ETF World.........Inside Exchange Traded Funds

Monday, October 09, 2006

The first commodity-based exchange-traded fund (ETF) in Asia will be listed in Singapore this week, which may make it easier for investors to diversify their holdings in the future.

On Wednesday, State Street Global Advisors (SSgA) and the World Gold Council plan to list streetTracks Gold Shares (Gold Shares), the US$7.3-billion gold ETF that has been listed on the New York Stock Exchange since November 2004, on the Singapore Stock Exchange (SGX).

Initially, Gold Shares will raise about US$30 million, mostly from institutional investors, the bullion community and private banks across Asia, including some in Thailand. It will track the price of gold bullion in London after expenses.
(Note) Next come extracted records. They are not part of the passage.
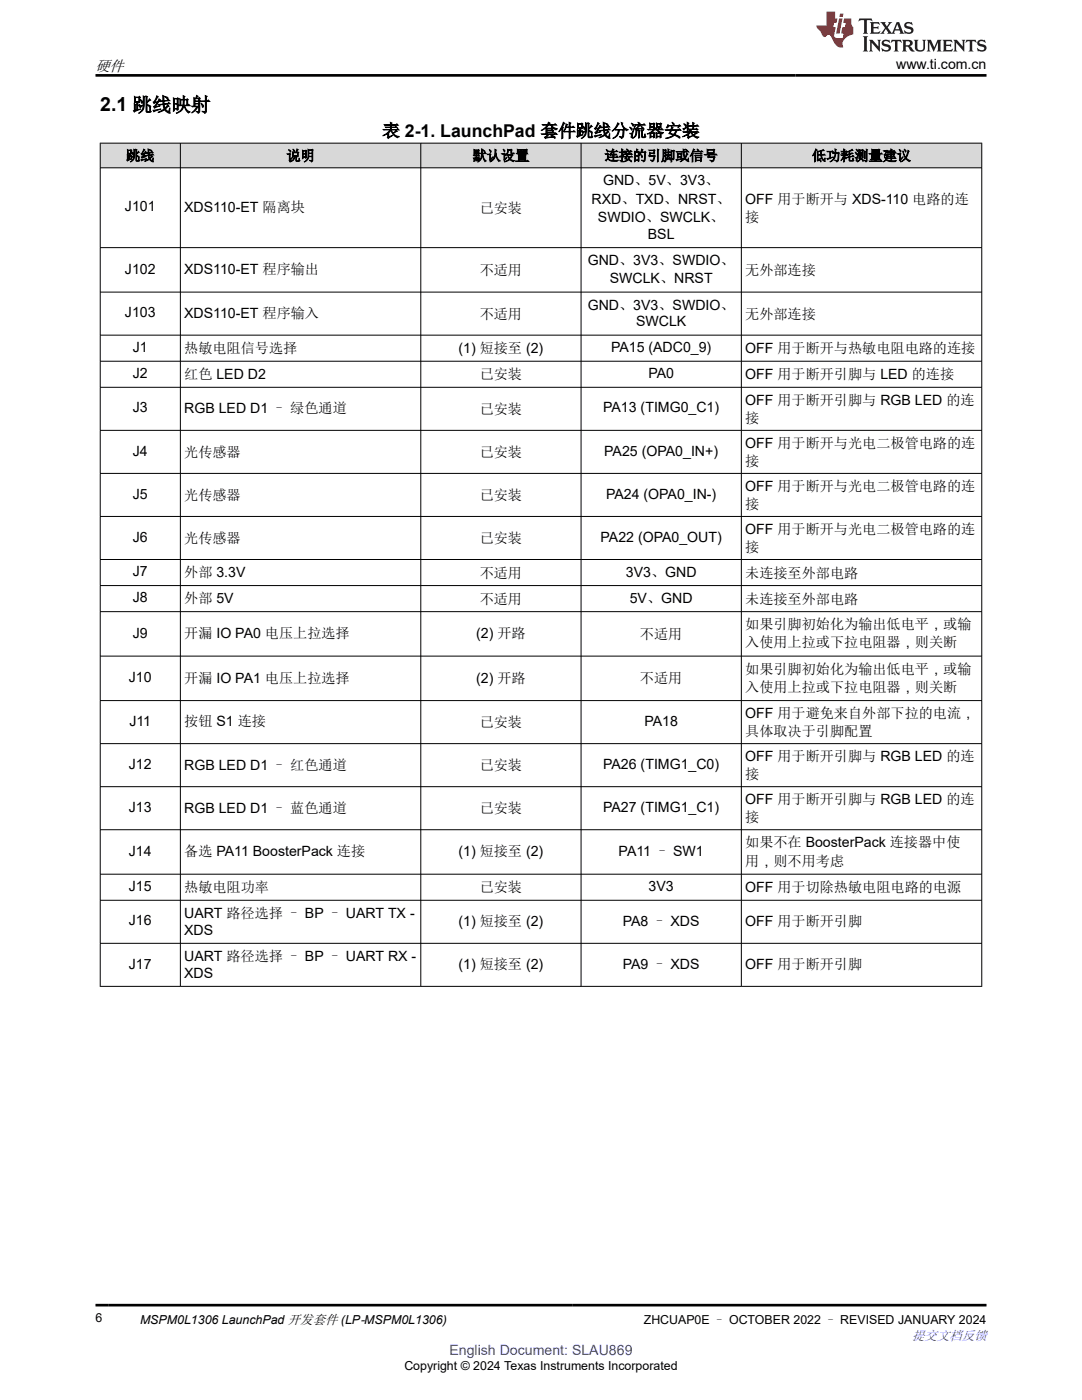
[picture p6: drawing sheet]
<svg xmlns="http://www.w3.org/2000/svg" width="216mm" height="279mm" viewBox="0 0 216 279" stroke-linecap="round" stroke-linejoin="round" font-family="sans-serif">
<defs><g id="words">
<text font-size="3.9" x="20" y="22.2">2.1 跳线映射</text>
<text font-size="3.5" x="76.3" y="27.3">表 2-1. LaunchPad 套件跳线分流器安装</text>
<text font-size="3" x="19" y="14.1">硬件</text>
<g font-size="2.8">
<text x="178.8" y="13.8">www.ti.com.cn</text>
<text x="25.2" y="32">跳线</text>
<text x="57.2" y="32">说明</text>
<text x="94.3" y="32">默认设置</text>
<text x="120.6" y="32">连接的引脚或信号</text>
<text x="162" y="32">低功耗测量建议</text>
<text x="118.1" y="40.6">RXD、TXD、NRST、</text>
<text x="120.3" y="37">GND、5V、3V3、</text>
<text x="148.7" y="40.6">OFF 用于断开与 XDS-110 电路的连</text>
<text x="24.9" y="42.2">J101</text>
<text x="36.8" y="42.3">XDS110-ET 隔离块</text>
<text x="95.7" y="42.5">已安装</text>
<text x="119.3" y="44.3">SWDIO、SWCLK、</text>
<text x="129.3" y="47.7">BSL</text>
<text x="148.7" y="44.3">接</text>
<text x="117.3" y="52.9">GND、3V3、SWDIO、</text>
<text x="24.9" y="54.6">J102</text>
<text x="36.8" y="54.7">XDS110-ET 程序输出</text>
<text x="95.7" y="54.9">不适用</text>
<text x="121.7" y="56.6">SWCLK、NRST</text>
<text x="148.7" y="54.9">无外部连接</text>
<text x="24.9" y="63.3">J103</text>
<text x="36.8" y="63.5">XDS110-ET 程序输入</text>
<text x="95.7" y="63.6">不适用</text>
<text x="117.3" y="61.8">GND、3V3、SWDIO、</text>
<text x="126.9" y="65.2">SWCLK</text>
<text x="148.7" y="63.6">无外部连接</text>
<text x="26.5" y="70.2">J1</text>
<text x="36.8" y="70.5">热敏电阻信号选择</text>
<text x="91.5" y="70.4">(1) 短接至 (2)</text>
<text x="121.9" y="70.2">PA15 (ADC0_9)</text>
<text x="148.7" y="70.4">OFF 用于断开与热敏电阻电路的连接</text>
<text x="26.5" y="75.4">J2</text>
<text x="36.8" y="75.6">红色 LED D2</text>
<text x="95.7" y="75.7">已安装</text>
<text x="129.4" y="75.4">PA0</text>
<text x="148.7" y="75.6">OFF 用于断开引脚与 LED 的连接</text>
<text x="26.5" y="82.3">J3</text>
<text x="36.8" y="82.5">RGB LED D1 – 绿色通道</text>
<text x="95.7" y="82.6">已安装</text>
<text x="120.4" y="82.3">PA13 (TIMG0_C1)</text>
<text x="148.7" y="80.8">OFF 用于断开引脚与 RGB LED 的连</text>
<text x="148.7" y="84.4">接</text>
<text x="148.7" y="89.4">OFF 用于断开与光电二极管电路的连</text>
<text x="26.5" y="90.9">J4</text>
<text x="36.8" y="91.2">光传感器</text>
<text x="95.7" y="91.2">已安装</text>
<text x="120.6" y="90.9">PA25 (OPA0_IN+)</text>
<text x="148.7" y="93">接</text>
<text x="26.5" y="99.5">J5</text>
<text x="36.8" y="99.8">光传感器</text>
<text x="95.7" y="99.8">已安装</text>
<text x="120.9" y="99.5">PA24 (OPA0_IN-)</text>
<text x="148.7" y="98">OFF 用于断开与光电二极管电路的连</text>
<text x="148.7" y="101.6">接</text>
<text x="148.7" y="106.5">OFF 用于断开与光电二极管电路的连</text>
<text x="26.5" y="108.1">J6</text>
<text x="36.8" y="108.4">光传感器</text>
<text x="95.7" y="108.4">已安装</text>
<text x="119.8" y="108.1">PA22 (OPA0_OUT)</text>
<text x="148.7" y="110.2">接</text>
<text x="26.5" y="115">J7</text>
<text x="36.8" y="115.1">外部 3.3V</text>
<text x="95.7" y="115.3">不适用</text>
<text x="124.9" y="115.1">3V3、GND</text>
<text x="148.7" y="115.3">未连接至外部电路</text>
<text x="26.5" y="120.2">J8</text>
<text x="36.8" y="120.3">外部 5V</text>
<text x="95.7" y="120.5">不适用</text>
<text x="125.7" y="120.3">5V、GND</text>
<text x="148.7" y="120.5">未连接至外部电路</text>
<text x="148.7" y="125.5">如果引脚初始化为输出低电平，或输</text>
<text x="26.5" y="127.2">J9</text>
<text x="36.8" y="127.4">开漏 IO PA0 电压上拉选择</text>
<text x="95" y="127.4">(2) 开路</text>
<text x="127.7" y="127.5">不适用</text>
<text x="148.7" y="129.2">入使用上拉或下拉电阻器，则关断</text>
<text x="25.7" y="136.1">J10</text>
<text x="36.8" y="136.3">开漏 IO PA1 电压上拉选择</text>
<text x="95" y="136.3">(2) 开路</text>
<text x="127.7" y="136.4">不适用</text>
<text x="148.7" y="134.4">如果引脚初始化为输出低电平，或输</text>
<text x="148.7" y="138.1">入使用上拉或下拉电阻器，则关断</text>
<text x="148.7" y="143.3">OFF 用于避免来自外部下拉的电流，</text>
<text x="25.8" y="144.8">J11</text>
<text x="36.8" y="145">按钮 S1 连接</text>
<text x="95.7" y="145.1">已安装</text>
<text x="128.6" y="144.8">PA18</text>
<text x="148.7" y="147">具体取决于引脚配置</text>
<text x="25.7" y="153.4">J12</text>
<text x="36.8" y="153.6">RGB LED D1 – 红色通道</text>
<text x="95.7" y="153.7">已安装</text>
<text x="120.4" y="153.4">PA26 (TIMG1_C0)</text>
<text x="148.7" y="151.9">OFF 用于断开引脚与 RGB LED 的连</text>
<text x="148.7" y="155.6">接</text>
<text x="148.7" y="160.5">OFF 用于断开引脚与 RGB LED 的连</text>
<text x="25.7" y="162">J13</text>
<text x="36.8" y="162.2">RGB LED D1 – 蓝色通道</text>
<text x="95.7" y="162.3">已安装</text>
<text x="120.4" y="162">PA27 (TIMG1_C1)</text>
<text x="148.7" y="164.1">接</text>
<text x="25.7" y="170.8">J14</text>
<text x="36.8" y="170.9">备选 PA11 BoosterPack 连接</text>
<text x="91.5" y="170.9">(1) 短接至 (2)</text>
<text x="123.4" y="170.9">PA11 – SW1</text>
<text x="148.7" y="169.1">如果不在 BoosterPack 连接器中使</text>
<text x="148.7" y="172.7">用，则不用考虑</text>
<text x="25.7" y="177.8">J15</text>
<text x="36.8" y="178.1">热敏电阻功率</text>
<text x="95.7" y="178.1">已安装</text>
<text x="129.4" y="177.8">3V3</text>
<text x="148.7" y="177.9">OFF 用于切除热敏电阻电路的电源</text>
<text x="25.7" y="184.7">J16</text>
<text x="36.8" y="183.1">UART 路径选择 – BP – UART TX -</text>
<text x="91.5" y="184.8">(1) 短接至 (2)</text>
<text x="124.3" y="184.8">PA8 – XDS</text>
<text x="148.7" y="184.8">OFF 用于断开引脚</text>
<text x="36.8" y="186.5">XDS</text>
<text x="36.8" y="191.7">UART 路径选择 – BP – UART RX -</text>
<text x="25.7" y="193.3">J17</text>
<text x="36.8" y="195.1">XDS</text>
<text x="91.5" y="193.4">(1) 短接至 (2)</text>
<text x="124.3" y="193.4">PA9 – XDS</text>
<text x="148.7" y="193.4">OFF 用于断开引脚</text>
</g>
<text font-size="2.8" fill="#00f" x="89.7" y="270.4">English Document: SLAU869</text>
<text font-size="2.6" fill="#00f" x="182" y="267.4">提交文档反馈</text>
<g font-size="2.5">
<text x="19" y="263.9">6</text>
<text x="27.9" y="264.2">MSPM0L1306 LaunchPad 开发套件 (LP‑MSPM0L1306)</text>
<text x="128.5" y="264.2">ZHCUAP0E – OCTOBER 2022 – REVISED JANUARY 2024</text>
<text x="80.7" y="273.5">Copyright © 2024 Texas Instruments Incorporated</text>
</g>
</g></defs>
<g fill="#d8d8d8">
<path d="M20 28.6h175.9v4.9h-175.9z" fill-rule="evenodd"/>
<path d="M20.1 28.6h15.8v4.8h-15.8z" fill-rule="evenodd"/>
<path d="M36.1 28.6h47.8v4.8h-47.8z" fill-rule="evenodd"/>
<path d="M84 28.6h31.9v4.8h-31.9z" fill-rule="evenodd"/>
<path d="M116 28.6h31.9v4.8h-31.9z" fill-rule="evenodd"/>
<path d="M148 28.6h47.8v4.8h-47.8z" fill-rule="evenodd"/>
</g>
<g fill="none" stroke="#000" stroke-width=".2">
<path d="M19.9 28.6h176.1M19.9 33.5h176.1M20 28.5v168.4M36 28.5v168.4M84 28.5v168.4M115.9 28.5v168.4M147.9 28.5v168.4M195.9 28.5v168.4M19.9 49.4h176.1M19.9 58.3h176.1M19.9 66.9h176.1M19.9 72.1h176.1"/>
<path d="M19.9 77.3h176.1M19.9 85.9h176.1M19.9 94.5h176.1M19.9 103.1h176.1M19.9 111.7h176.1M19.9 116.9h176.1M19.9 122.1h176.1M19.9 130.9h176.1M19.9 139.8h176.1M19.9 148.4h176.1M19.9 157h176.1M19.9 165.6h176.1"/>
<path d="M19.9 174.5h176.1M19.9 179.7h176.1M19.9 188.3h176.1M19.9 196.9h176.1"/>
</g>
<path d="M171.5 3.7l-.2 .6 .5-.3h.6v.2v2.2l-.2 .3h1l-.2-.3v-2.2v-.2h.5l.5 .3-.1-.6zM173.6 4.4l.2 .4v1.6l-.2 .3h1.9l.1-.6a1.08 1.08 0 0 1-1.3 .2v-.6h.6l.4 .1v-.6l-.4 .2h-.6v-.6l.2-.1a1 1 0 0 1 1 .3l-.1-.6zM175.7 4.4l.9 1.2-1 1.1h.9l-.2-.2 .5-.7 .4 .7-.2 .2h1.6l-.2-.2 .2-.4h.9l.1 .4-.1 .2h.9l-.2-.3-.8-2h-.5l-.9 2.2-.9-1.1 .9-1.1h-.8l.2 .2-.4 .7-.4-.7 .2-.2zM179 4.8l.4 1h-.7zM180.7 4.6a.65 .65 0 0 0-.2 .7 .65 .65 0 0 0 .6 .4l.6 .2 .1 .2a.79 .79 0 0 1-.7 .4 .79 .79 0 0 1-.7-.5l.1 .7 .2-.1a.93 .93 0 0 0 1.1 .1 .93 .93 0 0 0 .4-.9 1.46 1.46 0 0 0-1.2-.6l-.1-.4a1.09 1.09 0 0 1 1.2 .2l-.2-.6-.1 .1-.5-.1zM172.2 7.2l.2 .4v2.3l-.2 .4h1l-.2-.4v-2.3l.2-.4zM173.4 7.9l.2 .4v1.6l-.2 .4h.8l-.3-.4 .1-1.4 1.6 1.8v-2l.2-.4h-.7l.1 .3 .1 1.1-1.2-1.4zM176.2 8.1a.65 .65 0 0 0-.2 .7 .65 .65 0 0 0 .6 .4l.6 .2 .1 .3a.79 .79 0 0 1-.7 .3 .79 .79 0 0 1-.7-.5l.1 .8 .2-.1a.93 .93 0 0 0 1.1 0 .93 .93 0 0 0 .4-.9 1.46 1.46 0 0 0-1.2-.6l-.1-.4a1.09 1.09 0 0 1 1.2 .2l-.1-.6-.2 .1-.5-.1zM177.9 7.9l-.1 .7a.63 .63 0 0 1 .8-.4v1.7l-.3 .4h1l-.2-.4v-1.7a.66 .66 0 0 1 .8 .4l-.1-.7zM180 7.9l.2 .4v1.6l-.2 .4h1l-.2-.2-.1-.8 .5 .1 .1 .1a.79 .79 0 0 0 1.2 .7l-1-1a.61 .61 0 0 0 .6-.6 .61 .61 0 0 0-.5-.6zM180.8 8.3l.1-.1a.47 .47 0 0 1 .5 .1 .47 .47 0 0 1 .1 .5l-.1 .2h-.7zM182.3 7.9l.2 .3a2.27 2.27 0 0 0 .4 1.9 1.04 1.04 0 0 0 1.7-.6v-1.3l.2-.3h-.8l.2 .4v1.2a.6 .6 0 0 1-.6 .5 .6 .6 0 0 1-.6-.5v-1.2l.3-.4zM184.9 7.9l.2 .4v1.6l-.2 .4h.8l-.3-.4v-1.5l.9 1.9 .9-1.9v1.5l-.3 .4h1l-.2-.4v-1.6l.2-.4h-.8l-.7 1.6-.6-1.6zM188.1 7.9l.2 .4v1.6l-.2 .4h1.9l.1-.6a1.09 1.09 0 0 1-1.3 .1v-.6h.6l.4 .2v-.7l-.4 .2h-.6v-.5l.2-.2a1.01 1.01 0 0 1 1 .3l-.1-.6zM190.2 7.9l.3 .4v1.6l-.3 .4h.8l-.2-.4v-1.4l1.6 1.8v-2l.2-.4h-.7l.2 .3v1.1l-1.2-1.4zM192.8 7.9l-.1 .7a.63 .63 0 0 1 .8-.4v1.7l-.3 .4h1l-.2-.4v-1.7a.66 .66 0 0 1 .8 .4l-.1-.7zM195.2 8.1a.65 .65 0 0 0-.2 .7 .65 .65 0 0 0 .6 .4l.6 .2 .2 .3a.79 .79 0 0 1-.7 .3 .79 .79 0 0 1-.7-.5l.1 .8 .2-.1a.93 .93 0 0 0 1 0 .93 .93 0 0 0 .5-.9 1.46 1.46 0 0 0-1.3-.6v-.4a1.09 1.09 0 0 1 1.2 .2l-.2-.6-.2 .1-.5-.1z" fill="#231f20"/>
<path d="M164.9 2.3v2.8h-2l.1 .4 .8 .9a.95 .95 0 0 0 1 .9 .59 .59 0 0 1 .5-.3 .59 .59 0 0 1 .5 .3l.4 .8a1.59 1.59 0 0 0 2.1 1.3 1.61 1.61 0 0 1 1-2.2l1-.4-.1-1.4a1.59 1.59 0 0 1-.3-1.7h-1.5l-.2 .9h.6l-.2 .8h-.5l-.2 1v.3h.4l-.1 .9h-.7a.73 .73 0 0 1-1-.6l.3-1.6h-.5l.1-.8h.5l.2-.9h-.5v-1.4zM167.4 3.7l-.6 3h.7l.6-3zM167.6 2.7l-.1 .7h.7l.1-.7z" fill="#ed1c24"/>
<path d="M19 15h177.8M19 260.5h177.8" fill="none" stroke="#000" stroke-width=".53"/>
<use href="#words"/>
</svg>

Each share, which represents an interest in a trust, is worth approximately 0.1 ounce of gold bullion.

James Ross, senior managing director of State Street Global Advisors (SSgA), said the ETF market had gradually developed in recent years, and the outlook for the future was bright. The secondary listing of streetTracks Gold Shares on the SGX would provide Asian investors with a different way to participate in the gold market and allow them to access this important asset class, he added.

James Burton, chief executive officer of the World Gold Council, said ETFs were popular investment alternatives in the United States.

"Asia has just started to enjoy wealth," he said. "You're young and you should think of investing in ETFs, which are products that are designed for 25 years or more for saving or investment purposes."

While the value of gold may fluctuate in the short term, it had consistently returned to its historic purchasing power parity over the long term, said Mr Ross. Investing in gold could be an effective tool for asset diversification and wealth preservation, he added.

SSgA and the Council created a partnership two years ago to develop a gold ETF that allows investors a simple, cost-effective and secure means to invest in gold. The gold ETF can be purchased on the SGX as simply as ordinary stocks. Citigroup will be the market maker to enhance liquidity, while HSBC Bank USA is the custodian.

Investing in gold ETFs, said Mr Ross, would only have a 0.4% fee as an annual expense, which was lower than buying gold bars since customers had to pay more to store them in the bank.
Mr Burton said he was convinced that the trend of gold prices was positive in the long term, given constraints in supply and rising demand, while prices in the short- to mid-term would be volatile on the back of globally sensitive issues.

Demand for gold has outpaced global mine production by about 1,200 to 1,400 tonnes per year in the past five years, while gold production levels are unlikely to increase significantly.
Furthermore, central bank sales of gold will continue to be well co-ordinated, based on the Central Bank Gold Agreement of 1999, which aimed to increase transparency and limit shocks to the system.

"After the listing of Gold Shares in Singapore, we are looking forward to launching gold ETFs in other countries in Asia, such as India where demand is quite strong," he said. "It's too early to mention more country names, but we will explore opportunities, look at regulatory schemes and work with local regulators."

Asked whether SSgA might introduce ETF products in Thailand, Mr Ross said he was sure that his staff had talked with the SET about the possibility.
The SET plans to launch an equity ETF next year, and is now in the process of designing the product, establishing a reference index and selecting market makers.